In die gevallen geldt dat uitsluitend de eerste f 1000 (gehuwden f 2000)
die aan dergelijke renten wordt betaald onder de aftrekbeperking kan vallen;
het meerdere is volledig aftrekbaar.
De hiervoor beschreven systematiek brengt met zich dat de op 1 januari
jl. in werking getreden aftrekbeperking in feite alleen aan de orde kan komen
in het bijzondere geval dat een particulier een relatief omvangrijke besteding
of investering doet die milieuvriendelijk is en die niet in verband zou kunnen
worden gebracht met een bron van inkomen.
Het relatief hoge aftrekplafond brengt ook met zich mee dat particulieren
voldoende ruimte hebben om te lenen alvorens zij daadwerkelijk met de aftrekbeperking
worden geconfronteerd. Gezien het voorgaande is het niet aannemelijk dat de
rente-aftrekbeperking in de praktijk zal leiden tot een belemmering voor milieuvriendelijke
investeringen of bestedingen door particulieren.

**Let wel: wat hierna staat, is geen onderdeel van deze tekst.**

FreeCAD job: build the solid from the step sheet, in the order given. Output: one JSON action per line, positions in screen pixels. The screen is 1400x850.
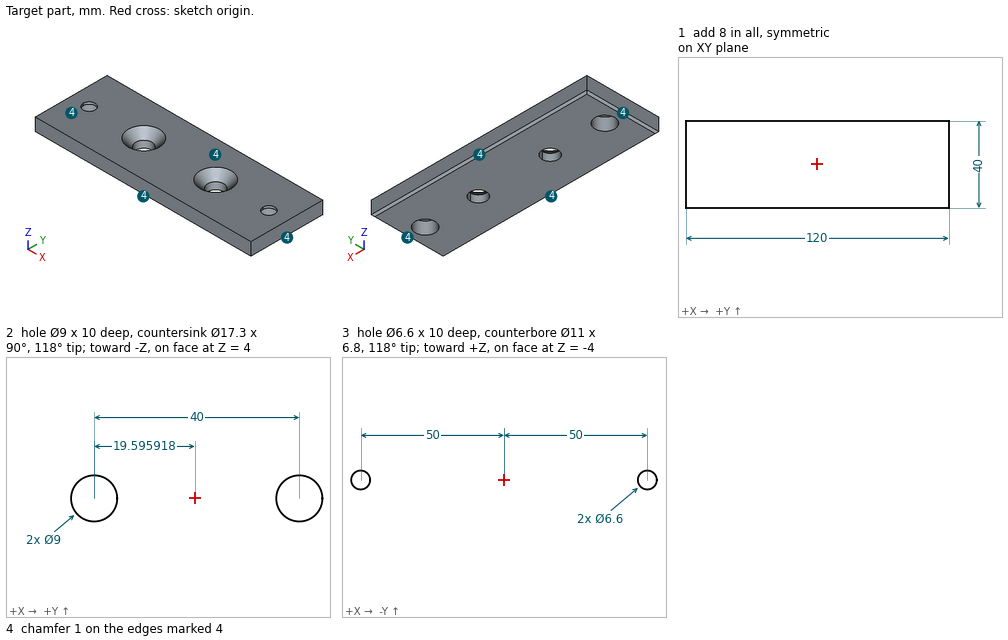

In dit verband wijs ik er bovendien op dat het problematisch is om in
de particuliere sfeer te komen tot een eenduidige wettelijke definitie van
milieuvriendelijke investeringen en bestedingen. Daarbij komt dat het niet
in alle gevallen eenvoudig zal zijn om ter zake van zo'n milieuvriendelijke
uitgave de meerkosten te bepalen ten opzichte van een soortgelijke niet-milieuvriendelijke
uitgave. De reikwijdte van een eventuele tegemoetkoming zou immers tot deze
meerkosten beperkt dienen te blijven. Los van deze (uitvoerings-)problematiek
maakt het voorgaande duidelijk dat er geen noodzaak is voor het treffen van
een speciale regeling ter zake van de aftrekbaarheid van persoonlijke-verplichtingenrente
met betrekking tot milieuvriendelijke bestedingen en investeringen. Overigens
meen ik dat het bestaande pakket fiscale maatregelen voldoende mogelijkheden
biedt om bestedingen en investeringen die het milieu ten goede komen te stimuleren.